3: 0.013700000000000023
5: 0.013150000000000018
46: 0.011800000000000033
41: -0.0072999999999999845
28: 0.005300000000000038
42: -0.005099999999999982
47: -0.004599999999999982
19: 0.0044000000000000376
38: 0.004350000000000043
14: -0.0027499999999999747
40: 0.0027000000000000244
37: -0.0025499999999999746
15: -0.0024499999999999635
48: -0.002299999999999991
1: 0.0021500000000000186
25: -0.0020999999999999795
30: -0.0019499999999999739
21: 0.0017000000000000459
13: -0.001399999999999968
17: 0.001350000000000029
22: 0.0012000000000000344
36: 0.0012000000000000123
8: -0.0011999999999999789
31: 0.0011000000000000454
44: -0.0010499999999999843
2: -0.0010499999999999733
6: 0.001000000000000023
0: 0.0008000000000000229
35: -0.0007999999999999674
24: 0.0007500000000000395
34: 0.0007500000000000284
12: 0.0007500000000000284
16: -0.0007499999999999619
23: 0.0007000000000000339
7: 0.0007000000000000229
4: -0.0006999999999999674
9: -0.0005999999999999672
32: -0.0005999999999999672
26: 0.000500000

Reduce the feature set by dropping features that have a permutation importance score less than `0.003`. Store the resulting reduced feature sets in `X_train_reduced` and `X_test_reduced`.

In [12]:
# FILL IN - Filter out features with permutation importance less than 0.003
unimportant_features = []
for i in sorted_idx:
    if np.abs(mean_perm_imps[i]) < 0.003:
        unimportant_features.append(i)
X_train_reduced = np.delete(X_train, unimportant_features, axis=1)
X_test_reduced = np.delete(X_test, unimportant_features, axis=1)

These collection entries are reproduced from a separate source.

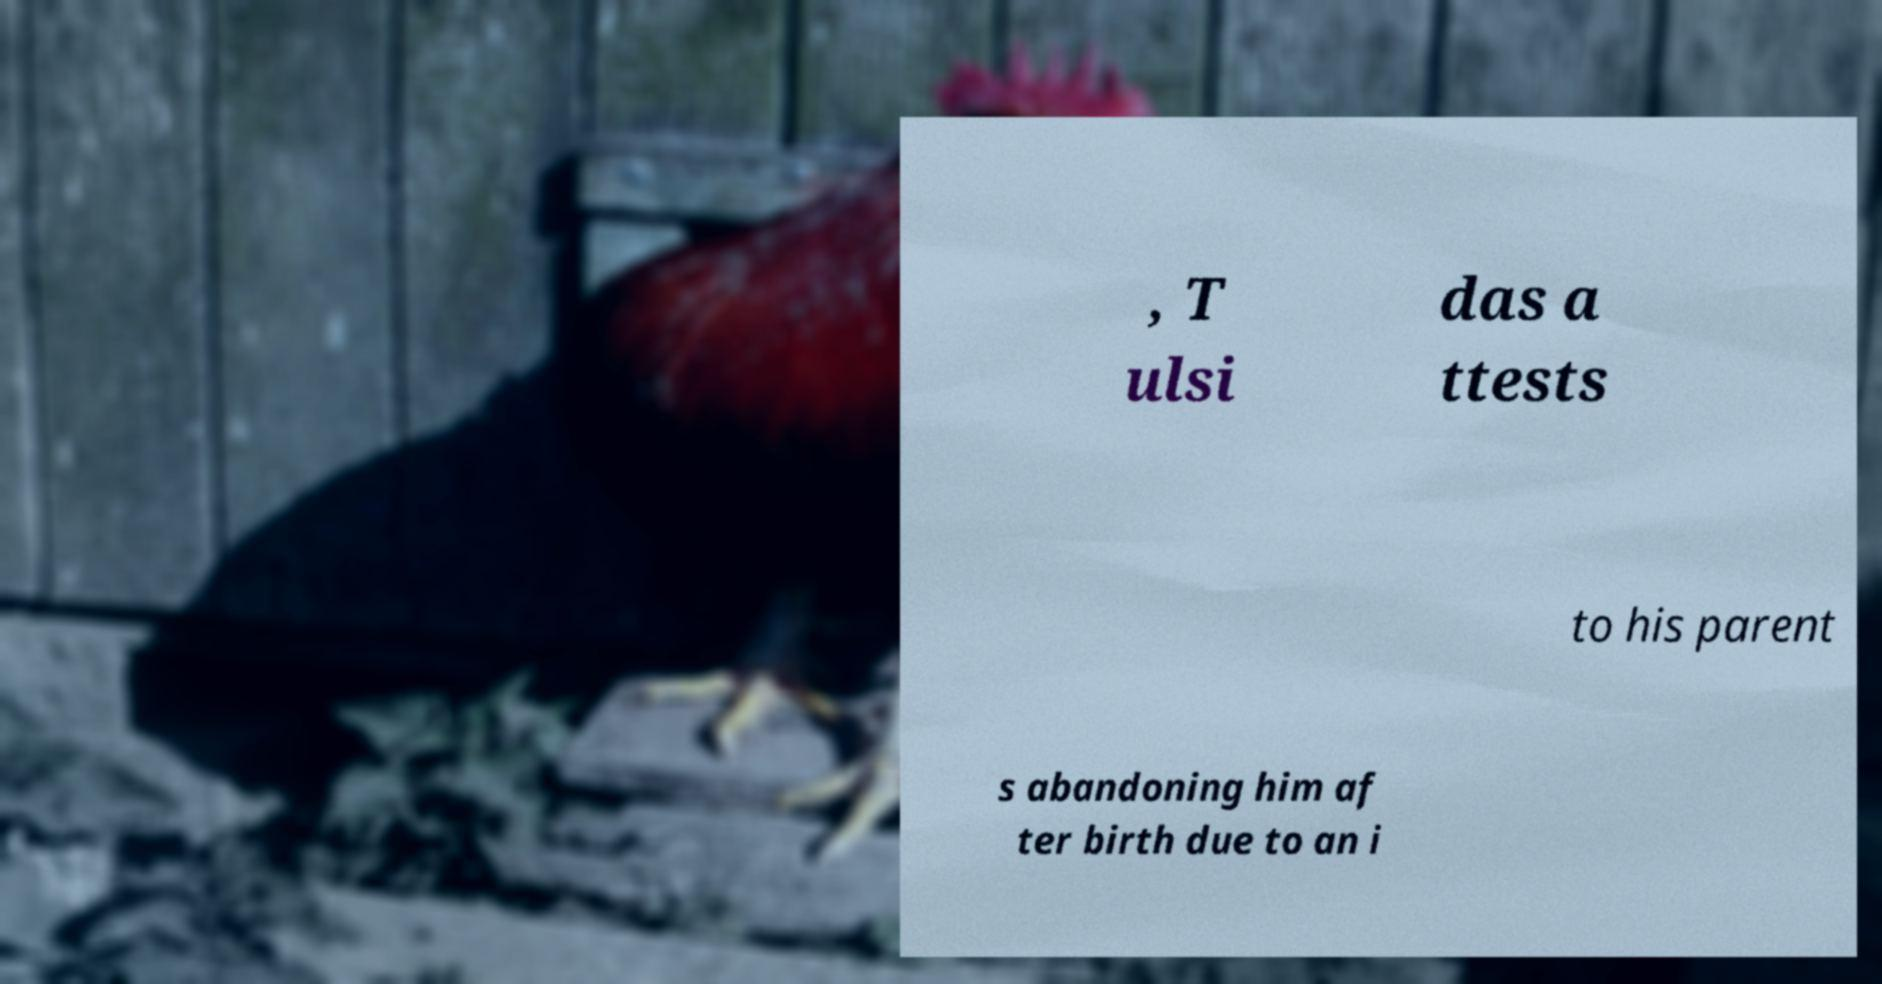Could you assist in decoding the text presented in this image and type it out clearly? , T ulsi das a ttests to his parent s abandoning him af ter birth due to an i 
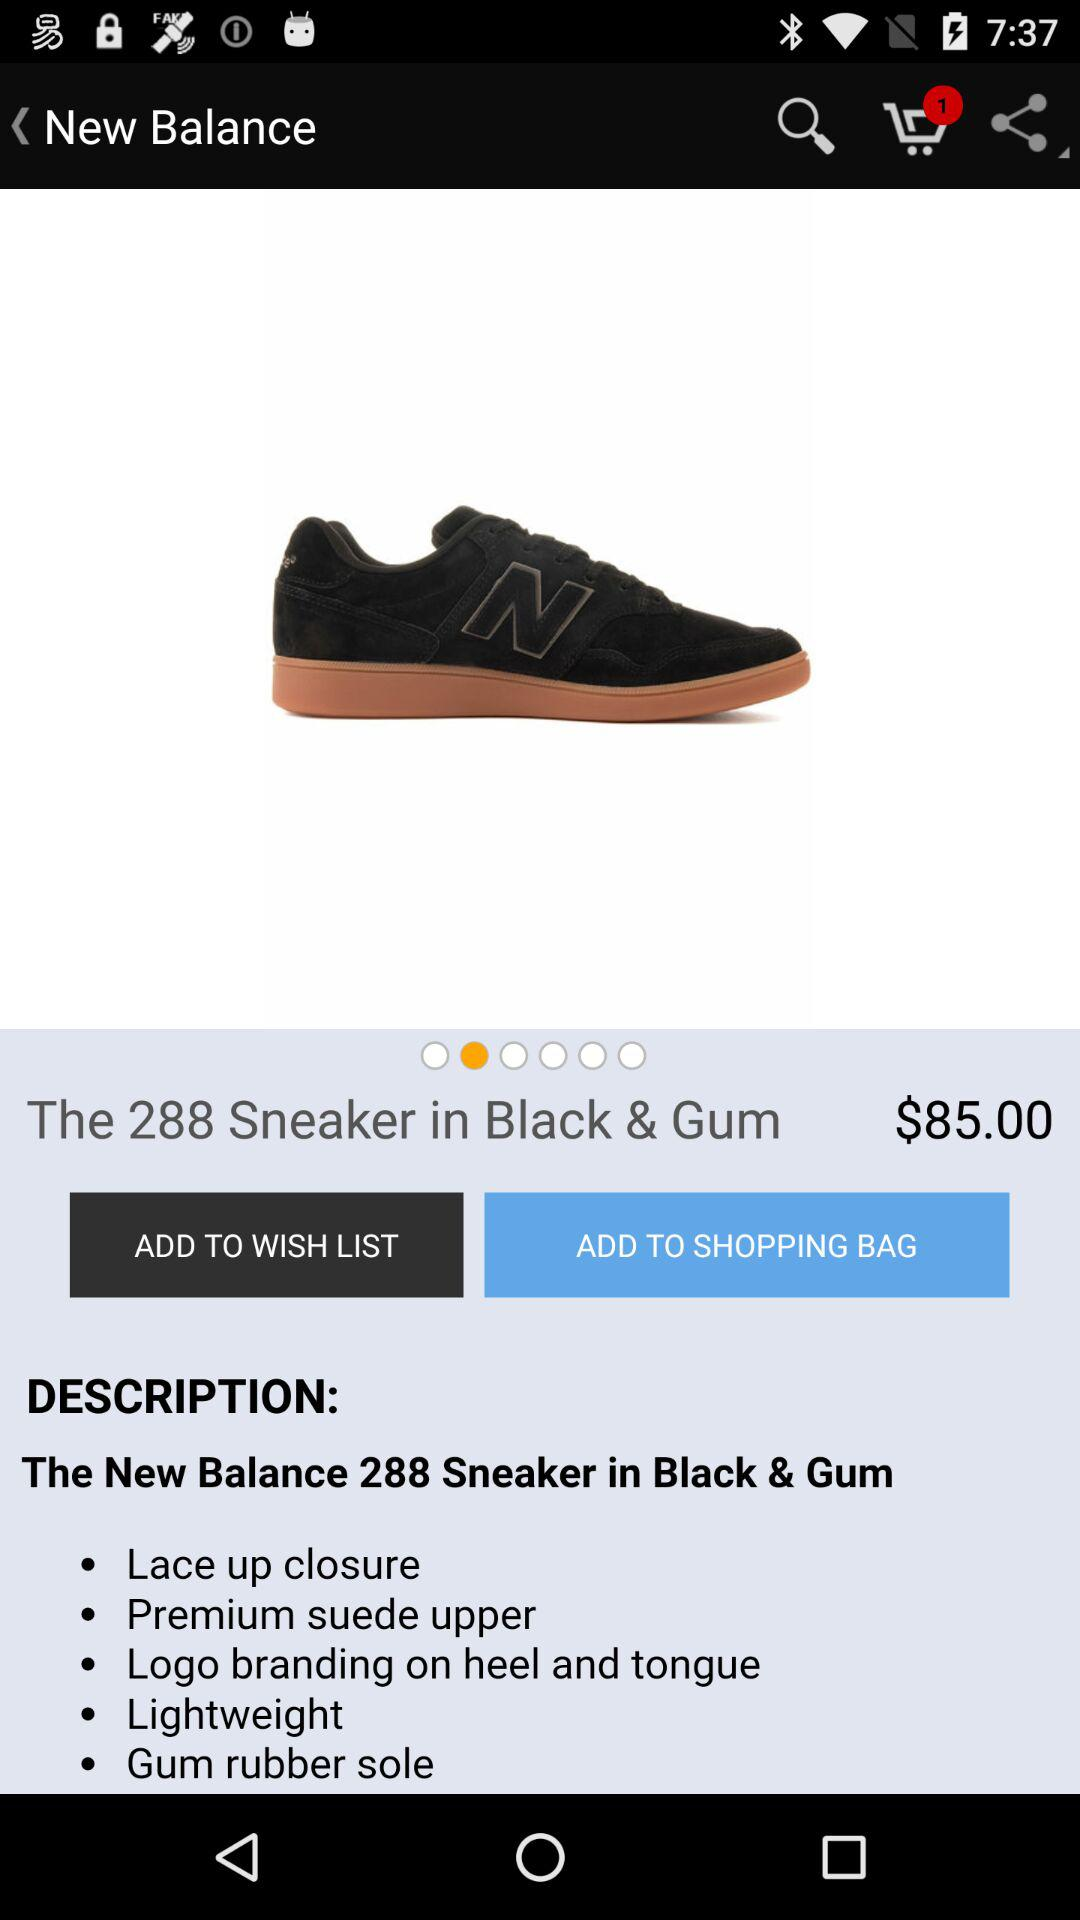What is the price of the product? The price of the product is $85.00. 
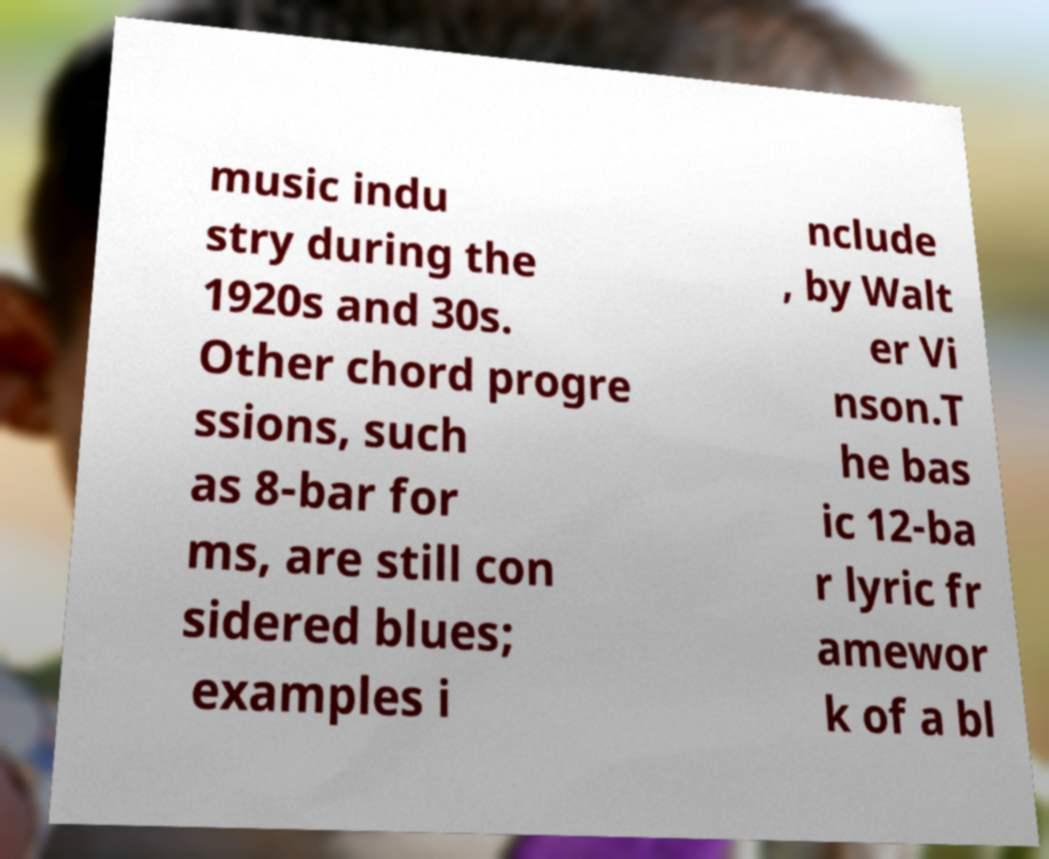I need the written content from this picture converted into text. Can you do that? music indu stry during the 1920s and 30s. Other chord progre ssions, such as 8-bar for ms, are still con sidered blues; examples i nclude , by Walt er Vi nson.T he bas ic 12-ba r lyric fr amewor k of a bl 
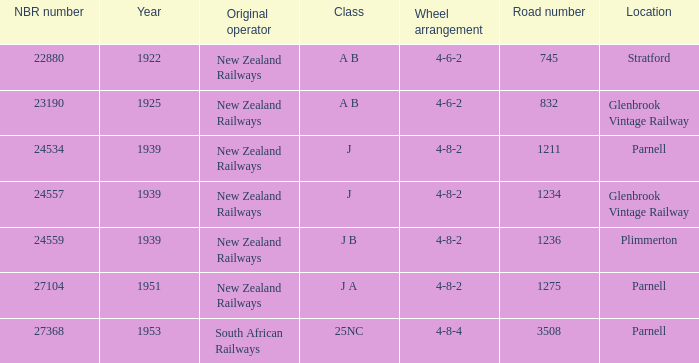Which original operator is in the 25nc class? South African Railways. 
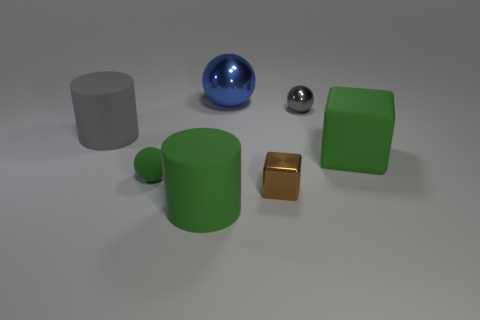Subtract all small green matte balls. How many balls are left? 2 Subtract all gray balls. How many balls are left? 2 Add 2 large shiny objects. How many objects exist? 9 Subtract all cylinders. How many objects are left? 5 Subtract 0 red cylinders. How many objects are left? 7 Subtract 3 balls. How many balls are left? 0 Subtract all blue blocks. Subtract all purple cylinders. How many blocks are left? 2 Subtract all blue blocks. How many cyan spheres are left? 0 Subtract all tiny blocks. Subtract all green blocks. How many objects are left? 5 Add 5 small gray balls. How many small gray balls are left? 6

Run the cell below to see how many features remain. (There should be 9.)

In [13]:
# DO NOT MODIFY - There should be 9 features remaining
X_train_reduced.shape[1]

9

Re-train the classifier from earlier and check its average cross-validated accuracy and test accuracy scores.

In [14]:
# FILL IN - Train a new LogisticRegression model on the reduced feature set
clf = LogisticRegression()
clf.fit(X_train_reduced, y_train)

In [15]:
# FILL IN - Calculate the mean cross-validated accuracy of the new model
cross_val_score(clf, X_train_reduced, y_train, cv=5, scoring="accuracy").mean()

np.float64(0.5925)

In [16]:
# FILL IN - Calculate the precision of the new model on the test set
y_pred = clf.predict(X_test_reduced)
accuracy_score(y_test, y_pred)

0.588

**NOTE:** Reducing the feature set may or may not improve performance. After all, even some less "important" features still provide some information and eliminating them might result in a hit to performance scores. But a reduction in performance may still be worthwhile if it means faster model training and a more interpretable model.